La coopération internationale a également été maintenue, notamment avec les organisations internationales et les organes des Nations unies.

4CONCLUSIONS

Il ressort principalement du présent rapport que la traite des êtres humains n’a pas diminué, qu’elle a au contraire progressé au sein de l’Union et que de nouveaux risques se sont fait jour. Un très grand nombre de victimes continuent à souffrir de la violence, des menaces et de l’immense préjudice causé par la traite. La traite des êtres humains a de terribles coûts humains, sociaux et économiques. Les trafiquants et les autres acteurs qui, sciemment ou non, sont impliqués dans des activités illicites dans la chaîne de la traite en tirent quant à eux d’énormes profits. Pour améliorer la situation actuelle, il est absolument nécessaire de lutter contre la culture d’impunité des auteurs, des utilisateurs, des exploitants et des profiteurs.

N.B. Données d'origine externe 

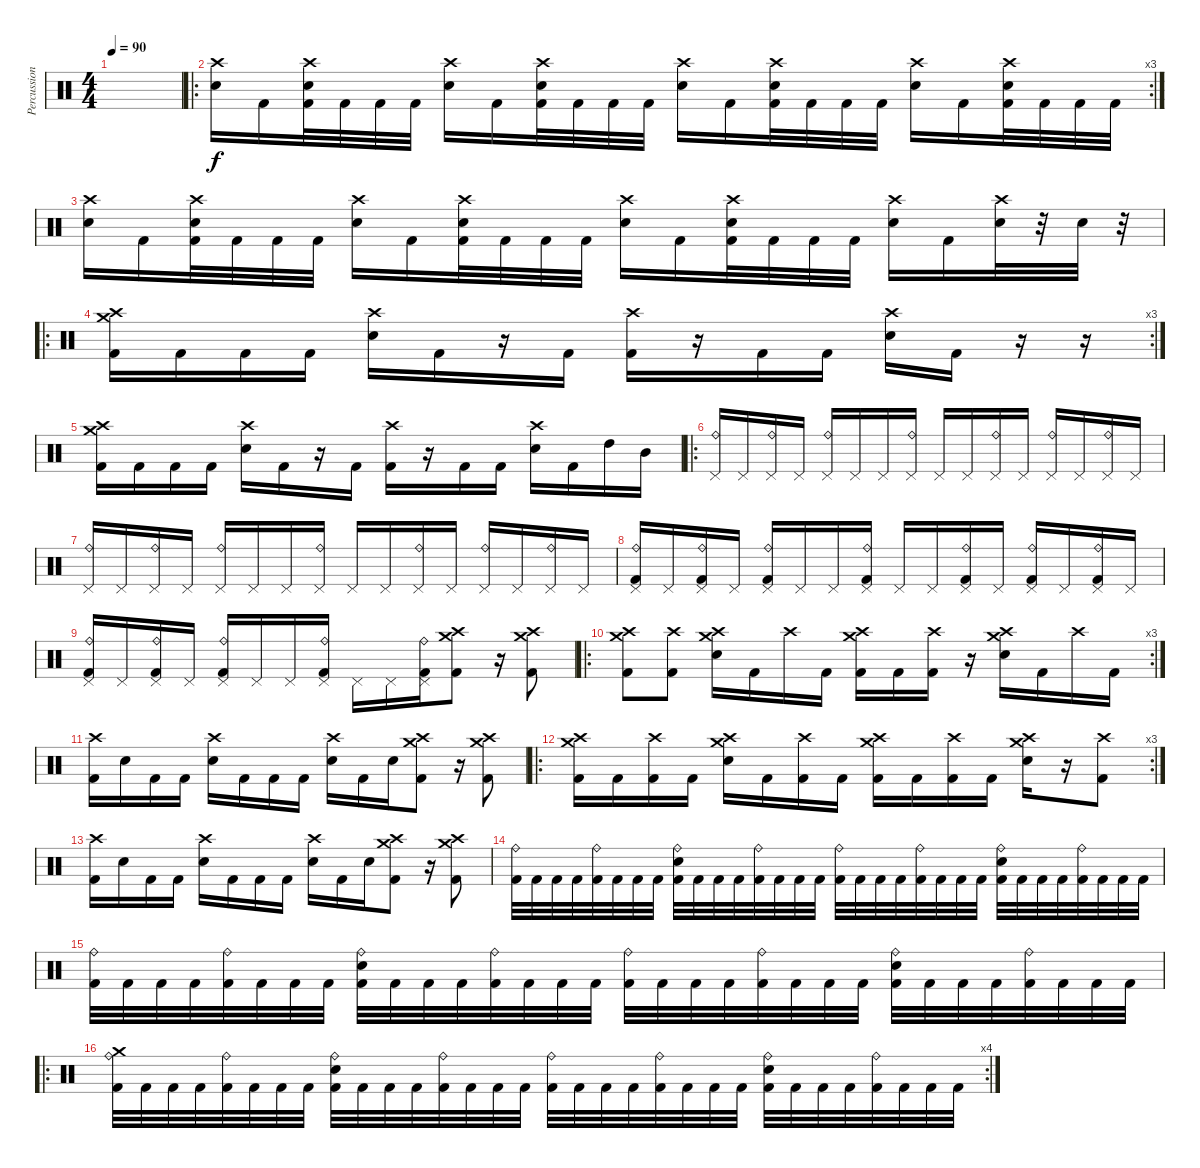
\track ("Percussion" "Percussion") {instrument percussion}
\staff {score}
\articulation defaults
\ts (4 4)
\tempo 90
\clef neutral
\ks c
|
\ro
\rc 3
("Crash high (hit)" "Electric Snare (hit)").16 "Kick (hit) 2".16 ("Crash high (hit)" "Electric Snare (hit)" "Kick (hit) 2").32 "Kick (hit) 2".32 "Kick (hit) 2".32 "Kick (hit) 2".32 ("Crash high (hit)" "Electric Snare (hit)").16 "Kick (hit) 2".16 ("Crash high (hit)" "Electric Snare (hit)" "Kick (hit) 2").32 "Kick (hit) 2".32 "Kick (hit) 2".32 "Kick (hit) 2".32 ("Crash high (hit)" "Electric Snare (hit)").16 "Kick (hit) 2".16 ("Crash high (hit)" "Electric Snare (hit)" "Kick (hit) 2").32 "Kick (hit) 2".32 "Kick (hit) 2".32 "Kick (hit) 2".32 ("Crash high (hit)" "Electric Snare (hit)").16 "Kick (hit) 2".16 ("Crash high (hit)" "Electric Snare (hit)" "Kick (hit) 2").32 "Kick (hit) 2".32 "Kick (hit) 2".32 "Kick (hit) 2".32 |
("Crash high (hit)" "Electric Snare (hit)").16 "Kick (hit) 2".16 ("Crash high (hit)" "Electric Snare (hit)" "Kick (hit) 2").32 "Kick (hit) 2".32 "Kick (hit) 2".32 "Kick (hit) 2".32 ("Crash high (hit)" "Electric Snare (hit)").16 "Kick (hit) 2".16 ("Crash high (hit)" "Electric Snare (hit)" "Kick (hit) 2").32 "Kick (hit) 2".32 "Kick (hit) 2".32 "Kick (hit) 2".32 ("Crash high (hit)" "Electric Snare (hit)").16 "Kick (hit) 2".16 ("Crash high (hit)" "Electric Snare (hit)" "Kick (hit) 2").32 "Kick (hit) 2".32 "Kick (hit) 2".32 "Kick (hit) 2".32 ("Crash high (hit)" "Electric Snare (hit)").16 "Kick (hit) 2".16 ("Crash high (hit)" "Electric Snare (hit)").32 r.32 "Electric Snare (hit)".32 r.32 |
\ro
\rc 3
("Crash medium (hit)" "Crash high (hit)" "Kick (hit) 2").16 "Kick (hit) 2".16 "Kick (hit) 2".16 "Kick (hit) 2".16 ("Crash high (hit)" "Electric Snare (hit)").16 "Kick (hit) 2".16 r.16 "Kick (hit) 2".16 ("Crash high (hit)" "Kick (hit) 2").16 r.16 "Kick (hit) 2".16 "Kick (hit) 2".16 ("Crash high (hit)" "Electric Snare (hit)").16 "Kick (hit) 2".16 r.16 r.16 |
("Crash medium (hit)" "Crash high (hit)" "Kick (hit) 2").16 "Kick (hit) 2".16 "Kick (hit) 2".16 "Kick (hit) 2".16 ("Crash high (hit)" "Electric Snare (hit)").16 "Kick (hit) 2".16 r.16 "Kick (hit) 2".16 ("Crash high (hit)" "Kick (hit) 2").16 r.16 "Kick (hit) 2".16 "Kick (hit) 2".16 ("Crash high (hit)" "Electric Snare (hit)").16 "Kick (hit) 2".16 "High Tom (hit)".16 "Mid Tom (hit)".16 |
\ro
("Ride (bell)" "Pedal Hi-Hat (hit)").16 "Pedal Hi-Hat (hit)".16 ("Ride (bell)" "Pedal Hi-Hat (hit)").16 "Pedal Hi-Hat (hit)".16 ("Ride (bell)" "Pedal Hi-Hat (hit)").16 "Pedal Hi-Hat (hit)".16 "Pedal Hi-Hat (hit)".16 ("Ride (bell)" "Pedal Hi-Hat (hit)").16 "Pedal Hi-Hat (hit)".16 "Pedal Hi-Hat (hit)".16 ("Ride (bell)" "Pedal Hi-Hat (hit)").16 "Pedal Hi-Hat (hit)".16 ("Ride (bell)" "Pedal Hi-Hat (hit)").16 "Pedal Hi-Hat (hit)".16 ("Ride (bell)" "Pedal Hi-Hat (hit)").16 "Pedal Hi-Hat (hit)".16 |
("Ride (bell)" "Pedal Hi-Hat (hit)").16 "Pedal Hi-Hat (hit)".16 ("Ride (bell)" "Pedal Hi-Hat (hit)").16 "Pedal Hi-Hat (hit)".16 ("Ride (bell)" "Pedal Hi-Hat (hit)").16 "Pedal Hi-Hat (hit)".16 "Pedal Hi-Hat (hit)".16 ("Ride (bell)" "Pedal Hi-Hat (hit)").16 "Pedal Hi-Hat (hit)".16 "Pedal Hi-Hat (hit)".16 ("Ride (bell)" "Pedal Hi-Hat (hit)").16 "Pedal Hi-Hat (hit)".16 ("Ride (bell)" "Pedal Hi-Hat (hit)").16 "Pedal Hi-Hat (hit)".16 ("Ride (bell)" "Pedal Hi-Hat (hit)").16 "Pedal Hi-Hat (hit)".16 |
("Ride (bell)" "Pedal Hi-Hat (hit)" "Kick (hit) 2").16 "Pedal Hi-Hat (hit)".16 ("Ride (bell)" "Pedal Hi-Hat (hit)" "Kick (hit) 2").16 "Pedal Hi-Hat (hit)".16 ("Ride (bell)" "Pedal Hi-Hat (hit)" "Kick (hit) 2").16 "Pedal Hi-Hat (hit)".16 "Pedal Hi-Hat (hit)".16 ("Ride (bell)" "Pedal Hi-Hat (hit)" "Kick (hit) 2").16 "Pedal Hi-Hat (hit)".16 "Pedal Hi-Hat (hit)".16 ("Ride (bell)" "Pedal Hi-Hat (hit)" "Kick (hit) 2").16 "Pedal Hi-Hat (hit)".16 ("Ride (bell)" "Pedal Hi-Hat (hit)" "Kick (hit) 2").16 "Pedal Hi-Hat (hit)".16 ("Ride (bell)" "Pedal Hi-Hat (hit)" "Kick (hit) 2").16 "Pedal Hi-Hat (hit)".16 |
("Ride (bell)" "Pedal Hi-Hat (hit)" "Kick (hit) 2").16 "Pedal Hi-Hat (hit)".16 ("Ride (bell)" "Pedal Hi-Hat (hit)" "Kick (hit) 2").16 "Pedal Hi-Hat (hit)".16 ("Ride (bell)" "Pedal Hi-Hat (hit)" "Kick (hit) 2").16 "Pedal Hi-Hat (hit)".16 "Pedal Hi-Hat (hit)".16 ("Ride (bell)" "Pedal Hi-Hat (hit)" "Kick (hit) 2").16 "Pedal Hi-Hat (hit)".16 "Pedal Hi-Hat (hit)".16 ("Ride (bell)" "Pedal Hi-Hat (hit)" "Kick (hit) 2").16 ("Crash high (hit)" "Crash medium (hit)" "Kick (hit) 2").8 r.16 ("Crash high (hit)" "Crash medium (hit)" "Kick (hit) 2").8 |
\ro
\rc 3
("Crash high (hit)" "Crash medium (hit)" "Kick (hit) 2").8 ("Crash high (hit)" "Kick (hit) 2").8 ("Crash high (hit)" "Crash medium (hit)" "Electric Snare (hit)").16 "Kick (hit) 2".16 "Crash high (hit)".16 "Kick (hit) 2".16 ("Crash high (hit)" "Crash medium (hit)" "Kick (hit) 2").16 "Kick (hit) 2".16 ("Crash high (hit)" "Kick (hit) 2").16 r.16 ("Crash high (hit)" "Crash medium (hit)" "Electric Snare (hit)").16 "Kick (hit) 2".16 "Crash high (hit)".16 "Kick (hit) 2".16 |
("Crash high (hit)" "Kick (hit) 2").16 "Electric Snare (hit)".16 "Kick (hit) 2".16 "Kick (hit) 2".16 ("Crash high (hit)" "Electric Snare (hit)").16 "Kick (hit) 2".16 "Kick (hit) 2".16 "Kick (hit) 2".16 ("Crash high (hit)" "Electric Snare (hit)").16 "Kick (hit) 2".16 "Electric Snare (hit)".16 ("Crash high (hit)" "Crash medium (hit)" "Kick (hit) 2").8 r.16 ("Crash high (hit)" "Crash medium (hit)" "Kick (hit) 2").8 |
\ro
\rc 3
("Crash high (hit)" "Crash medium (hit)" "Kick (hit) 2").16 "Kick (hit) 2".16 ("Crash high (hit)" "Kick (hit) 2").16 "Kick (hit) 2".16 ("Crash high (hit)" "Crash medium (hit)" "Electric Snare (hit)").16 "Kick (hit) 2".16 ("Crash high (hit)" "Kick (hit) 2").16 "Kick (hit) 2".16 ("Crash high (hit)" "Crash medium (hit)" "Kick (hit) 2").16 "Kick (hit) 2".16 ("Crash high (hit)" "Kick (hit) 2").16 "Kick (hit) 2".16 ("Crash high (hit)" "Crash medium (hit)" "Electric Snare (hit)").16 r.16 ("Crash high (hit)" "Kick (hit) 2").8 |
("Crash high (hit)" "Kick (hit) 2").16 "Electric Snare (hit)".16 "Kick (hit) 2".16 "Kick (hit) 2".16 ("Crash high (hit)" "Electric Snare (hit)").16 "Kick (hit) 2".16 "Kick (hit) 2".16 "Kick (hit) 2".16 ("Crash high (hit)" "Electric Snare (hit)").16 "Kick (hit) 2".16 "Electric Snare (hit)".16 ("Crash high (hit)" "Crash medium (hit)" "Kick (hit) 2").8 r.16 ("Crash high (hit)" "Crash medium (hit)" "Kick (hit) 2").8 |
("Ride (bell)" "Kick (hit) 2").32 "Kick (hit) 2".32 "Kick (hit) 2".32 "Kick (hit) 2".32 ("Ride (bell)" "Kick (hit) 2").32 "Kick (hit) 2".32 "Kick (hit) 2".32 "Kick (hit) 2".32 ("Ride (bell)" "Electric Snare (hit)" "Kick (hit) 2").32 "Kick (hit) 2".32 "Kick (hit) 2".32 "Kick (hit) 2".32 ("Ride (bell)" "Kick (hit) 2").32 "Kick (hit) 2".32 "Kick (hit) 2".32 "Kick (hit) 2".32 ("Ride (bell)" "Kick (hit) 2").32 "Kick (hit) 2".32 "Kick (hit) 2".32 "Kick (hit) 2".32 ("Ride (bell)" "Kick (hit) 2").32 "Kick (hit) 2".32 "Kick (hit) 2".32 "Kick (hit) 2".32 ("Ride (bell)" "Electric Snare (hit)" "Kick (hit) 2").32 "Kick (hit) 2".32 "Kick (hit) 2".32 "Kick (hit) 2".32 ("Ride (bell)" "Kick (hit) 2").32 "Kick (hit) 2".32 "Kick (hit) 2".32 "Kick (hit) 2".32 |
("Ride (bell)" "Kick (hit) 2").32 "Kick (hit) 2".32 "Kick (hit) 2".32 "Kick (hit) 2".32 ("Ride (bell)" "Kick (hit) 2").32 "Kick (hit) 2".32 "Kick (hit) 2".32 "Kick (hit) 2".32 ("Ride (bell)" "Electric Snare (hit)" "Kick (hit) 2").32 "Kick (hit) 2".32 "Kick (hit) 2".32 "Kick (hit) 2".32 ("Ride (bell)" "Kick (hit) 2").32 "Kick (hit) 2".32 "Kick (hit) 2".32 "Kick (hit) 2".32 ("Ride (bell)" "Kick (hit) 2").32 "Kick (hit) 2".32 "Kick (hit) 2".32 "Kick (hit) 2".32 ("Ride (bell)" "Kick (hit) 2").32 "Kick (hit) 2".32 "Kick (hit) 2".32 "Kick (hit) 2".32 ("Ride (bell)" "Electric Snare (hit)" "Kick (hit) 2").32 "Kick (hit) 2".32 "Kick (hit) 2".32 "Kick (hit) 2".32 ("Ride (bell)" "Kick (hit) 2").32 "Kick (hit) 2".32 "Kick (hit) 2".32 "Kick (hit) 2".32 |
\ro
\rc 4
("Ride (bell)" "Crash medium (hit)" "Kick (hit) 2").32 "Kick (hit) 2".32 "Kick (hit) 2".32 "Kick (hit) 2".32 ("Ride (bell)" "Kick (hit) 2").32 "Kick (hit) 2".32 "Kick (hit) 2".32 "Kick (hit) 2".32 ("Ride (bell)" "Electric Snare (hit)" "Kick (hit) 2").32 "Kick (hit) 2".32 "Kick (hit) 2".32 "Kick (hit) 2".32 ("Ride (bell)" "Kick (hit) 2").32 "Kick (hit) 2".32 "Kick (hit) 2".32 "Kick (hit) 2".32 ("Ride (bell)" "Kick (hit) 2").32 "Kick (hit) 2".32 "Kick (hit) 2".32 "Kick (hit) 2".32 ("Ride (bell)" "Kick (hit) 2").32 "Kick (hit) 2".32 "Kick (hit) 2".32 "Kick (hit) 2".32 ("Ride (bell)" "Electric Snare (hit)" "Kick (hit) 2").32 "Kick (hit) 2".32 "Kick (hit) 2".32 "Kick (hit) 2".32 ("Ride (bell)" "Kick (hit) 2").32 "Kick (hit) 2".32 "Kick (hit) 2".32 "Kick (hit) 2".32

Le rapport montre toutefois que des progrès appréciables ont été réalisés en matière de coopération transnationale, tant au sein de l’Union qu’avec des pays tiers, y compris au moyen d’actions opérationnelles transfrontières répressives et judiciaires, ainsi que par la mise en place de mécanismes nationaux et transnationaux d’orientation, par l’amélioration desdits mécanismes et par le développement de la base de connaissances sur ce phénomène. Néanmoins, le nombre de poursuites et de condamnations reste faible, alors même que le nombre de victimes ne faiblit pas. S’agissant de la criminalisation du recours aux services exigés des victimes de la traite des êtres humains, la grande diversité du paysage juridique peut entraver les efforts visant à décourager la demande de tels services. Lorsque les victimes bénéficient d’une assistance, d’un soutien et d’une protection, leurs besoins liés aux formes d’exploitation auxquelles elles sont soumises, à leur sexe et à leur âge ne sont pas pris en considération, pas plus que leurs besoins et circonstances spécifiques. L’enregistrement et la communication des données restent irréguliers. Les préoccupations exprimées mettent en évidence l'insuffisante mise en œuvre de la directive relative à la lutte contre la traite des êtres humains dans les États membres, qui doit donc encore être renforcée.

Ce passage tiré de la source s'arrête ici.